I highly recommend that you educate yourself about this drug, as I'm not sure of what scale of harmfulness cannabis can be classified as a "hard drug" [1]. The New York Times' 2014 editorial board's writeup on this issue is thoroughly documented and excellent [2].
[0] https://www.drugabuse.gov/publications/drugfacts/high-school...
[1] https://en.wikipedia.org/wiki/Drug_harmfulness#/media/File:2...
[2] http://www.nytimes.com/interactive/2014/07/27/opinion/sunday...
People get addicted to drugs mainly because they self-medicate for anxiety or depression, that's what you should really worry about actually, concerning your children.
I am going to assume that you grew up in a country where alcohol was available to teenagers, to a greater or lesser extent. And yet you also - presumably - managed to avoid turning in to a raging alcoholic.
Despite the availability of drugs and alcohol, you managed to avoid becoming a slave to either of them.
The mere availability of drugs (of any kind) will not immediately turn your children in to stoners, alcoholics and junkies. The causes of addiction are deeper than that.
As you said, you know what it is like to be a teenager. Teenagers experiment with various things that adults would prefer they avoided. Given that fact, let me ask you this:
Assume your children are going to drink underage (it is statistically likely that they will). Would you prefer them to drink a) a bottle of beer that an older friend purchased on their behalf, or b) a jar of moonshine, which was homemade without any quality control, and might contain adulterants?
This is not a rhetorical question, or a snarky one - I'm genuinely curious as to which you would prefer.
> My point is that I don't want my kids being turned into stoners and that the law should be on MY side, not the guy pushing drugs on them.
You seem to be saying that your children will be turned in to stoners if cannabis is easily available to them. Given that alcohol will be available to them, do you worry that they will turn in to alcoholics?
If not, why not?
If so, are you also campaigning to return to the days of alcohol prohibition?
If weed is forbidden/taboo, there's a good chance that your child will come across a successful/popular/intelligent peer that completely discredits everything you've ever told them about "stoners". My fiance is in medical school at a highly selective school and from interacting with a lot of her peers socially I've been again amazed at how many regular smokers are highly intelligent, driven and successful. Once it's truly out in the open, these successes can have a lot more context and we'll truly be able to study and discuss what truth there is to the stoner stereotype.
Should it? It isn't on your side if they want to (as consenting adults): ride a motorcycle, drink alcohol, go heliskiing, visit a strip club, buy condoms, or go bungie jumping, for example.

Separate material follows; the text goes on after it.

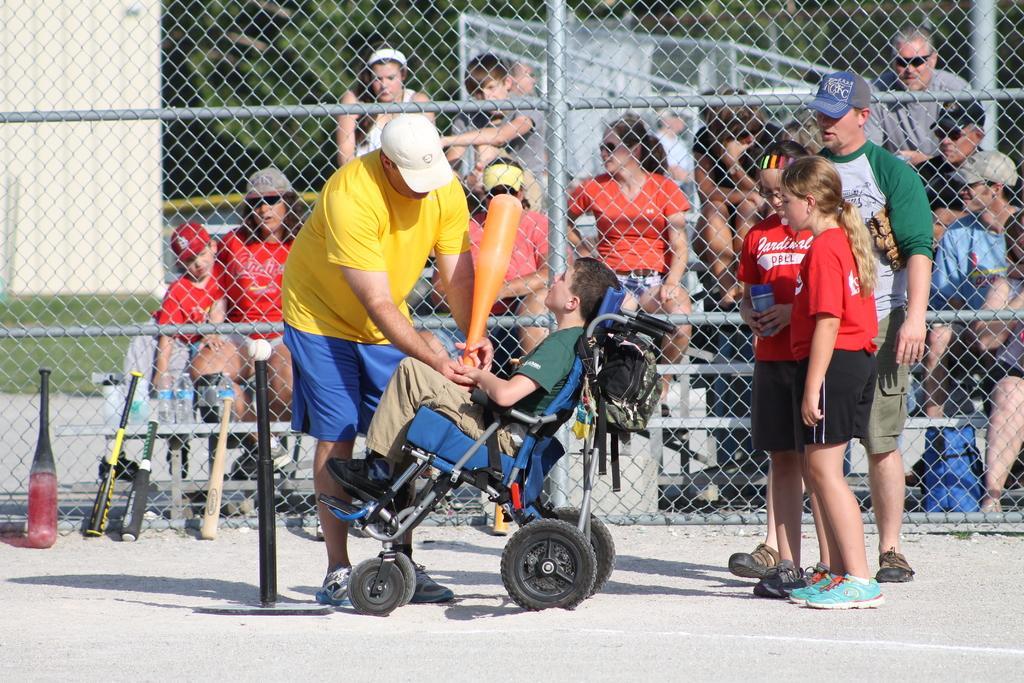Can you describe this image briefly? In this picture we can see a boy in the green t shirt is sitting on a wheelchair and holding and orange base bat. On the left side of the boy there is a man in the yellow t shirt is standing and on the path there are base bats and a pole with a ball. Behind the people there is a fence, trees, bottles and some groups of people are sitting on benches. 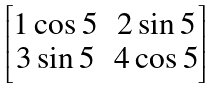Convert formula to latex. <formula><loc_0><loc_0><loc_500><loc_500>\begin{bmatrix} 1 \cos 5 & 2 \sin 5 \\ 3 \sin 5 & 4 \cos 5 \end{bmatrix}</formula> 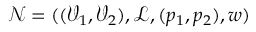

Should all potentially harmful activities of any kind be criminalized as well, because you have kids and the law should be on your side?
EDIT, for clarity: But no one who advocates legalization is advocating the scenario you describe. Total fantasy.
Perhaps you mean that no parent wants their young child/teenager to use drugs? No one in this thread (or anyone at Meadow) is advocating for that, we are specifically discussing adult use.
If we can take anything away from this extrapolated conversation, it should be that it's important to become educated and informed about topics highly susceptible to misinformation.